* Aim of the task *
Every record below should be repeated exactly, with the pictures left out.

* Records shown *
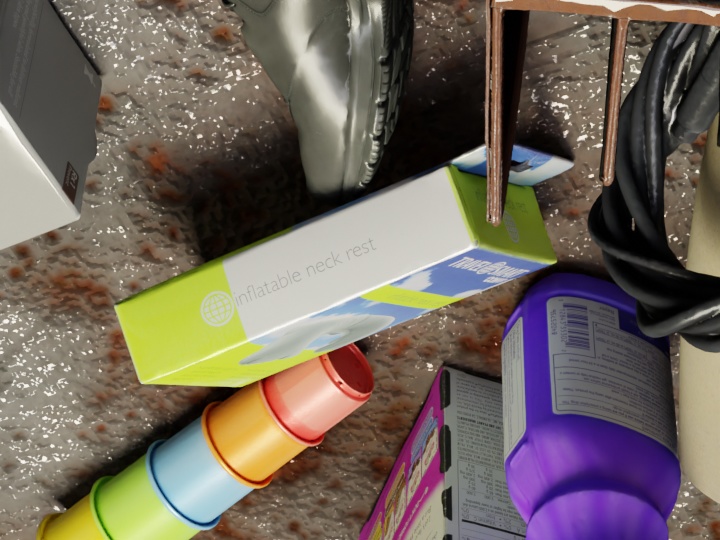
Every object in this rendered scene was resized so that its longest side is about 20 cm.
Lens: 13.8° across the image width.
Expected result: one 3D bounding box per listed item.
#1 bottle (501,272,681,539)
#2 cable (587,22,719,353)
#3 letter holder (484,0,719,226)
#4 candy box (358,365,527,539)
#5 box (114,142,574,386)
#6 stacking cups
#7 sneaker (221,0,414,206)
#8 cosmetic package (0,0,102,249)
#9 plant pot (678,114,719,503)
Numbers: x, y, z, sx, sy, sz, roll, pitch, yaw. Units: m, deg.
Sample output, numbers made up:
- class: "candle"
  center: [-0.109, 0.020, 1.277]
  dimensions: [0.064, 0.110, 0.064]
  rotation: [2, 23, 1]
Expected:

* Output for this task *
Every object in this rendered scene was resized so that its longest side is about 20 cm.
Lens: 13.8° across the image width.
Expected result: one 3D bounding box per listed item.
#1 bottle (501,272,681,539)
#2 cable (587,22,719,353)
#3 letter holder (484,0,719,226)
#4 candy box (358,365,527,539)
#5 box (114,142,574,386)
#6 stacking cups
#7 sneaker (221,0,414,206)
#8 cosmetic package (0,0,102,249)
#9 plant pot (678,114,719,503)
Numbers: x, y, z, sx, sy, sz, roll, pitch, yaw. Units: m, deg.
Sample output, numbers made up:
- class: "candle"
  center: [-0.109, 0.020, 1.277]
  dimensions: [0.064, 0.110, 0.064]
  rotation: [2, 23, 1]
Expected:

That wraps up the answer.